An analogous expression was obtained by Deprit et al. (1994) with a statement: ‘Proof By straightforward calculation using Symbol Processor’. We have decided to provide the proof in full length (or rather shortness), as a good example of the situation where quaternion formalism beats standard vector calculus.

If the expression (84) is used for the sole purpose of computing the value of \({\varvec{G}}\), then \(X_0=0\) can be safely set. But if \({\varvec{G}}\) is to appear in the perturbing Hamiltonian \({\mathcal {P}}\), one should not forget that derivatives of \(X_0\) do not vanish in general.

Linking the Keplerian \({\varvec{G}}\) with the oscillator’s angular momentum tensor \(\mathbf {L}\) is straightforward: inserting (79) into (84) results in

$$\begin{aligned} {\varvec{G}} = \frac{ L_{01} + L_{23}}{2} {\varvec{e}}_1 + \frac{ L_{02} + L_{31}}{2} {\varvec{e}}_2 + \frac{ L_{03} + L_{12}}{2} {\varvec{e}}_3 + X_0 {\varvec{x}}. \end{aligned}$$
(85)

Notably, the defining vector \({\varvec{c}}\) has no direct effect on the direction of the angular momentum. Its action is only indirect, through the constraint \({\varvec{J}}\cdot {\varvec{c}}=0\).

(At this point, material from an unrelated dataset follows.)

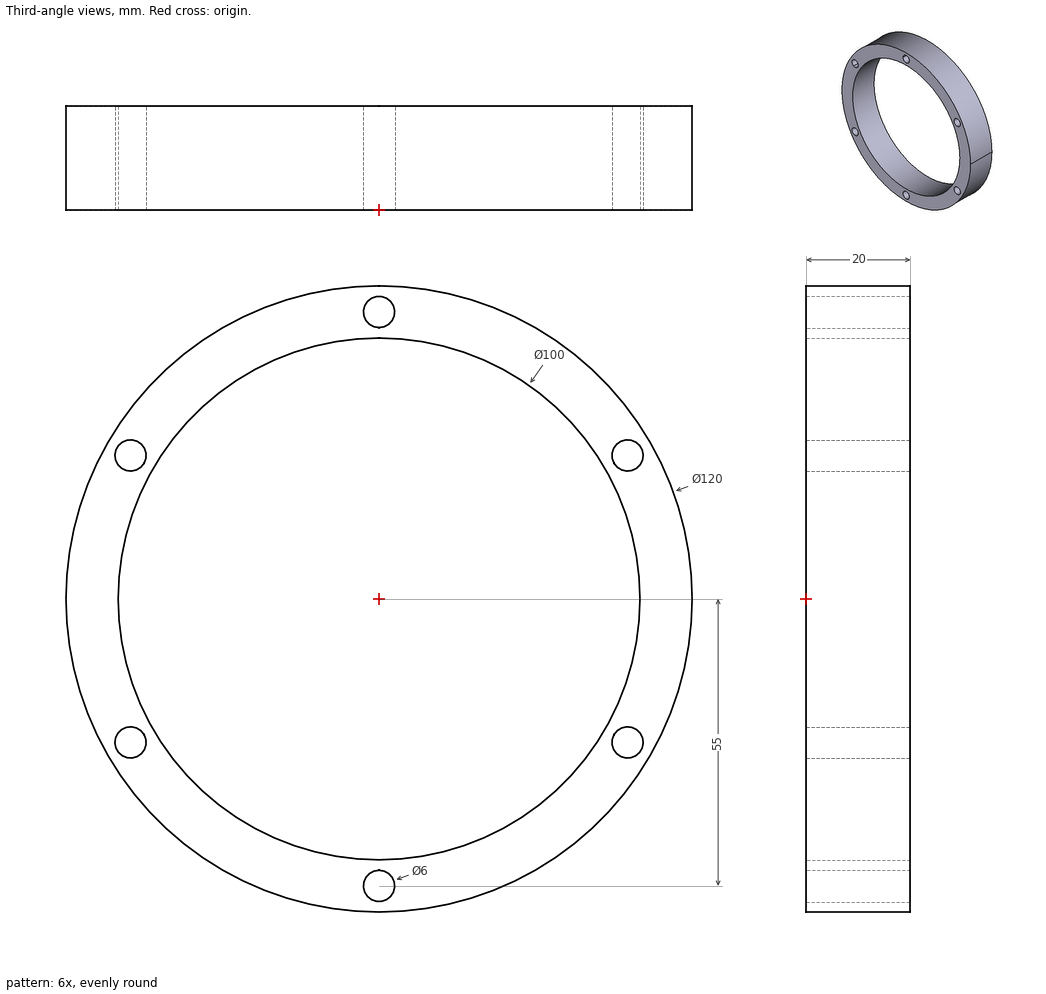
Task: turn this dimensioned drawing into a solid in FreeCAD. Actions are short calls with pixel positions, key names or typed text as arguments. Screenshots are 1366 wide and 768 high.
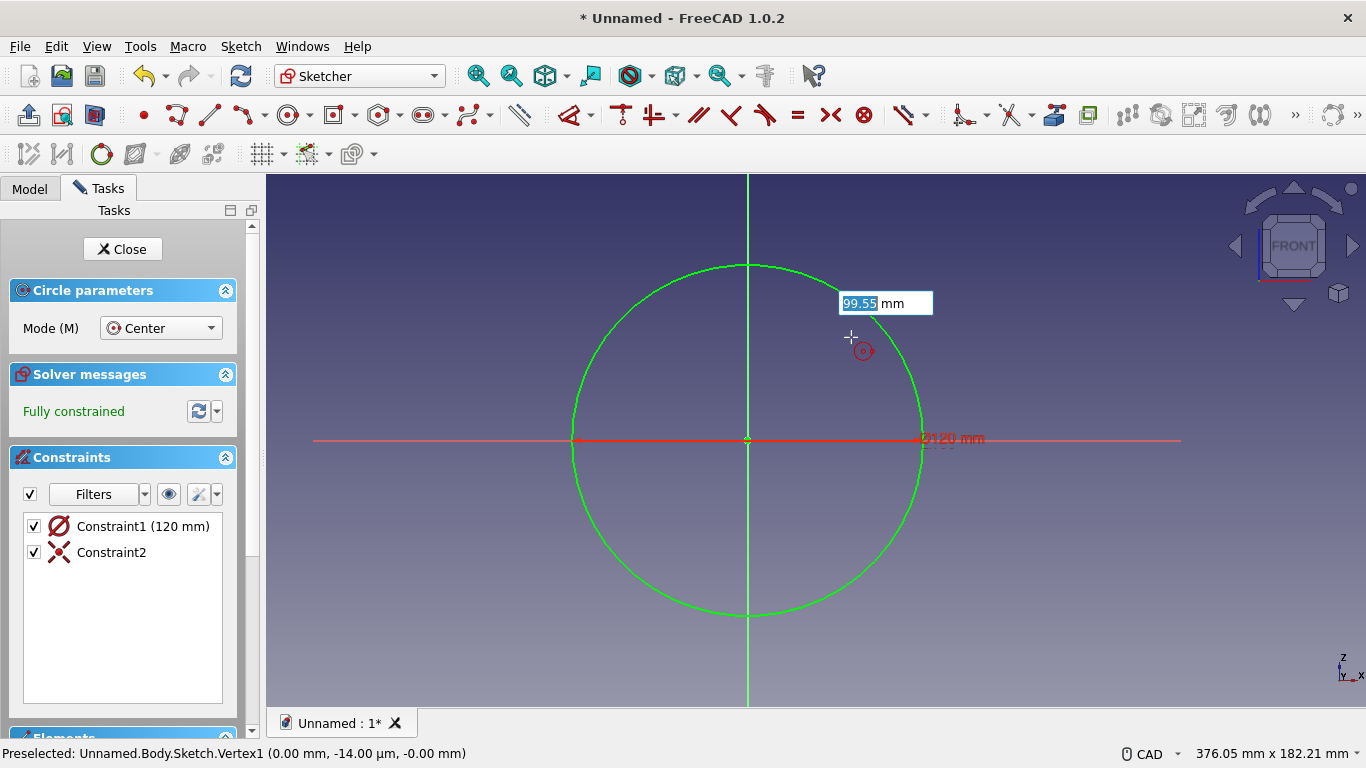
text(100)
key(Return)
key(Escape)

The Laplace vector \({\varvec{e}}\) is primarily given with a cross product of momentum and angular momentum, but in order to express it in terms of KS variables, a version resulting form the ‘BAC-CAB’ identity is more convenient

$$\begin{aligned} \mu {\varvec{e}} = {\varvec{X}} \times {\varvec{G}} - \mu \hat{{\varvec{x}}} = \left( {\varvec{X}} \cdot {\varvec{X}} - \mu r^{-1}\right) \, {\varvec{x}} - ({\varvec{x}} \cdot {\varvec{X}})\,{\varvec{X}}. \end{aligned}$$
(86)

Most of the building blocks are ready in Eqs. (33), (34), (48), and (61). The remaining product is elementarily found applying the identity (19)

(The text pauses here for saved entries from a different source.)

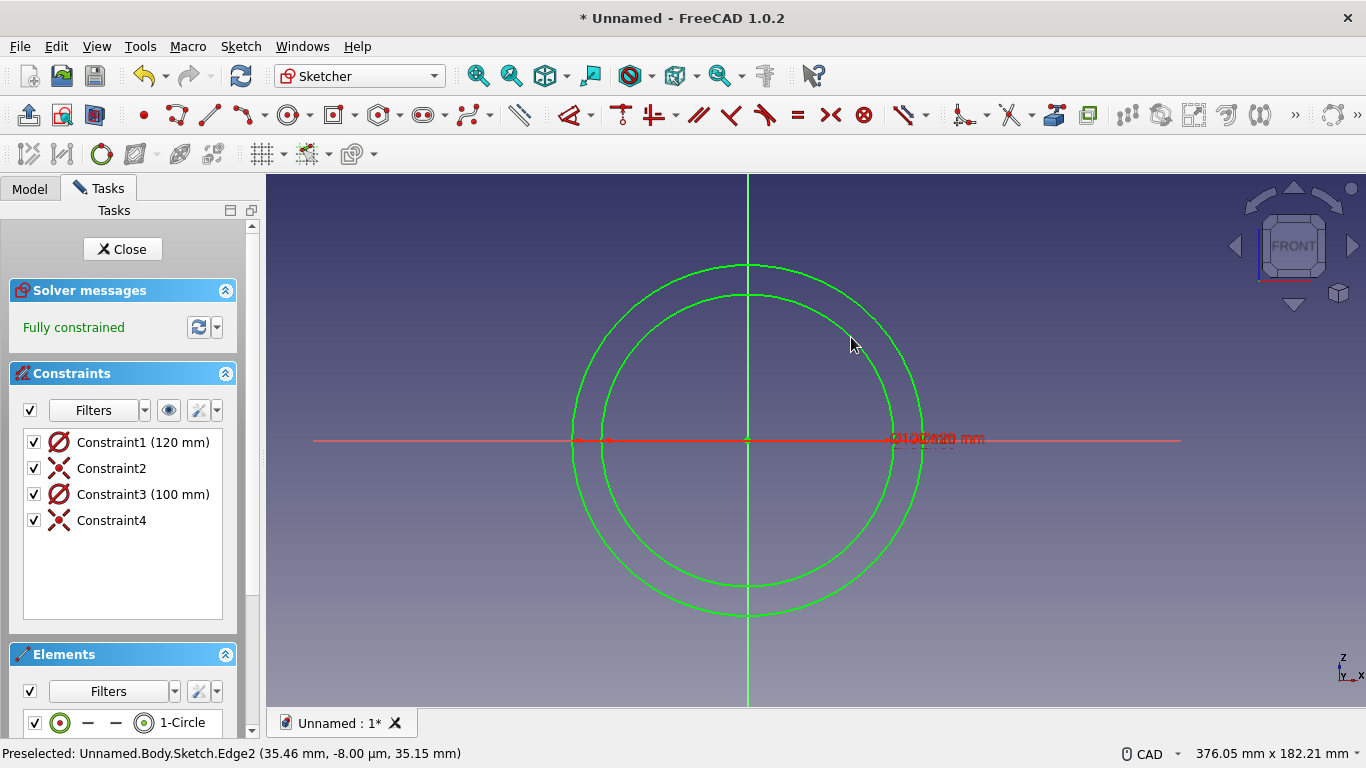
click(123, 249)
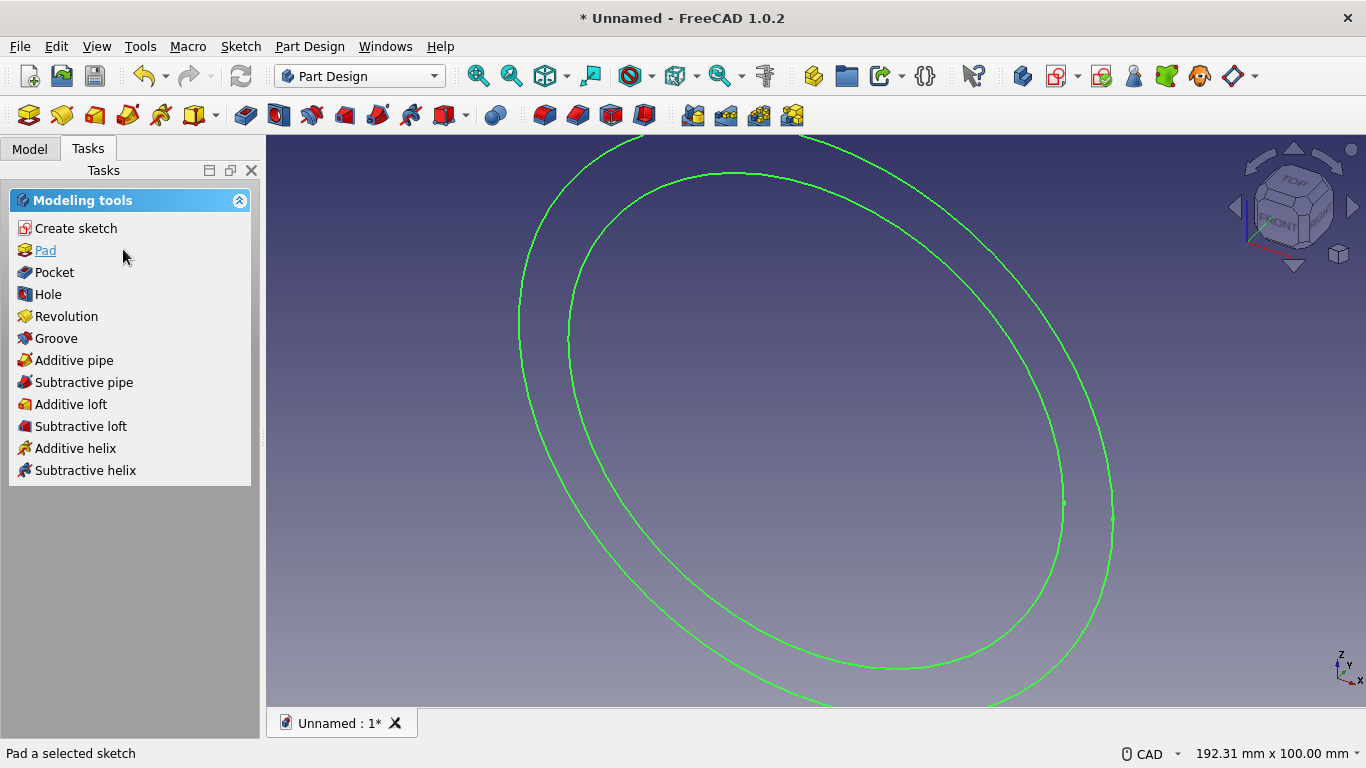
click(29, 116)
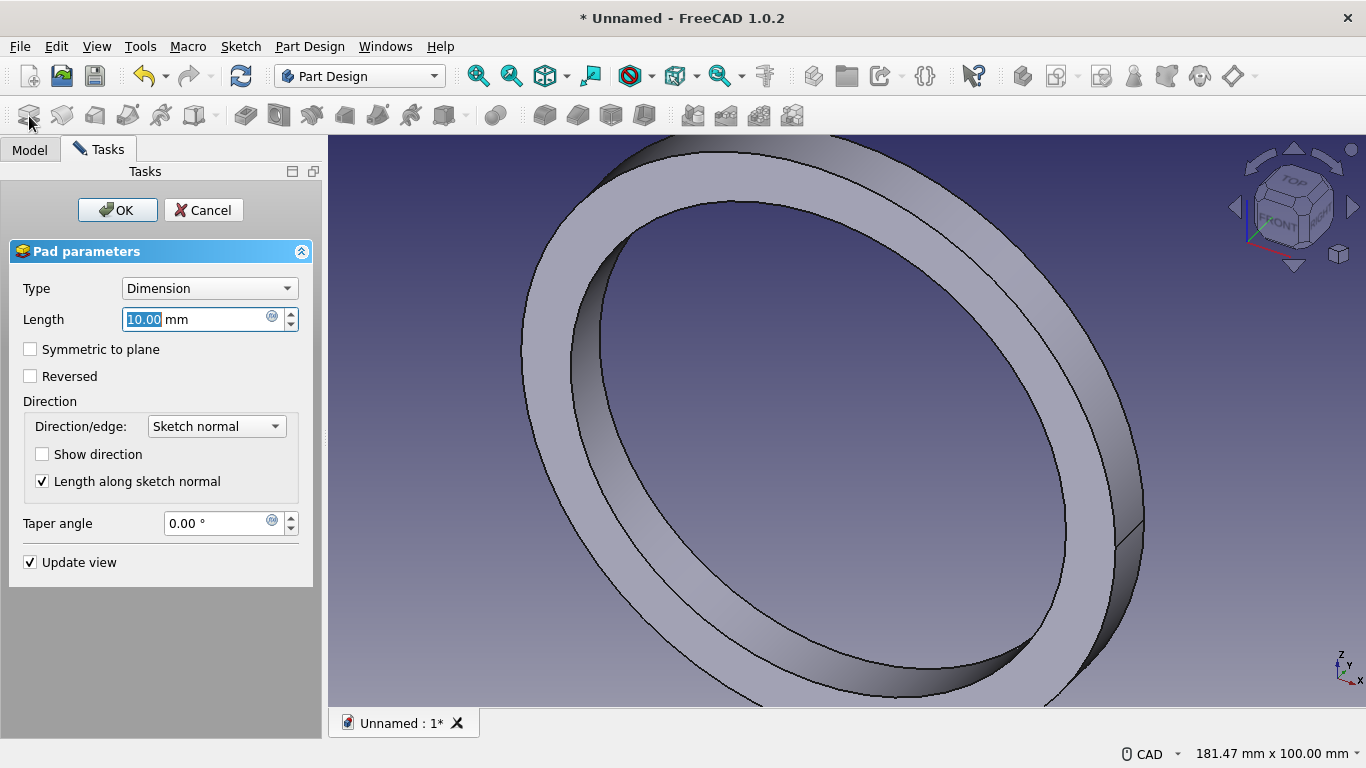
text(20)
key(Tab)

$$\begin{aligned} {\varvec{x}} \cdot {\varvec{X}} = \mathsf {x}\cdot \mathsf {X} = \frac{(\mathsf {v} \mathsf {c} \bar{\mathsf {v}}) \cdot (\mathsf {V} \mathsf {c} \bar{\mathsf {v}})}{2 \alpha r} = \frac{\bar{\mathsf {V}} \cdot \left( \mathsf {c} \bar{\mathsf {v}} \overline{(\mathsf {v} \mathsf {c} \bar{\mathsf {v}})} \right) }{2 \alpha r} = \frac{\bar{\mathsf {V}} \cdot \left( \mathsf {c} \bar{\mathsf {v}} \mathsf {v} \bar{\mathsf {c}} \bar{\mathsf {v}} \right) }{2 \alpha r} = \frac{\bar{\mathsf {V}} \cdot \bar{ \mathsf {v}} }{2 } = \frac{\mathsf {v} \cdot \mathsf {V} }{2 }. \end{aligned}$$
(87)

And so the Laplace vector can be expressed as a quaternion product

$$\begin{aligned} \mu {\varvec{e}} = \frac{1}{2r}\left[ \left( \left( \frac{\mathsf {V} \cdot \mathsf {V}}{2}- \frac{2\mu }{\alpha } + \frac{({\varvec{J}} \cdot {\varvec{c}})^2}{2 \alpha r}\right) \mathsf {v} - \frac{\mathsf {v} \cdot \mathsf {V}}{2} \mathsf {V} \right) \mathsf {c} \bar{\mathsf {v}} \right] ^\natural . \end{aligned}$$
(88)

The formula does not look friendly, but one should expect it to be expressible in terms of Fradkin integrals. Indeed, after rather tedious manipulations, we have found that

$$\begin{aligned} \mu {\varvec{e}} = - \frac{\alpha \omega _0}{4}\,\mathbf {E} {\varvec{c}} - X_0 {\varvec{G}} + \frac{\alpha \mathcal {K}_0}{4 r} {\varvec{x}}, \end{aligned}$$
(89)

where the second term to the right vanishes due to the KS constraint \({\varvec{J}}\cdot {\varvec{c}}=0\), and the third is null on the Keplerian manifold \(\mathcal {K}_0=0\). It is not by chance, that the form of matrix \(\mathbf {E}\)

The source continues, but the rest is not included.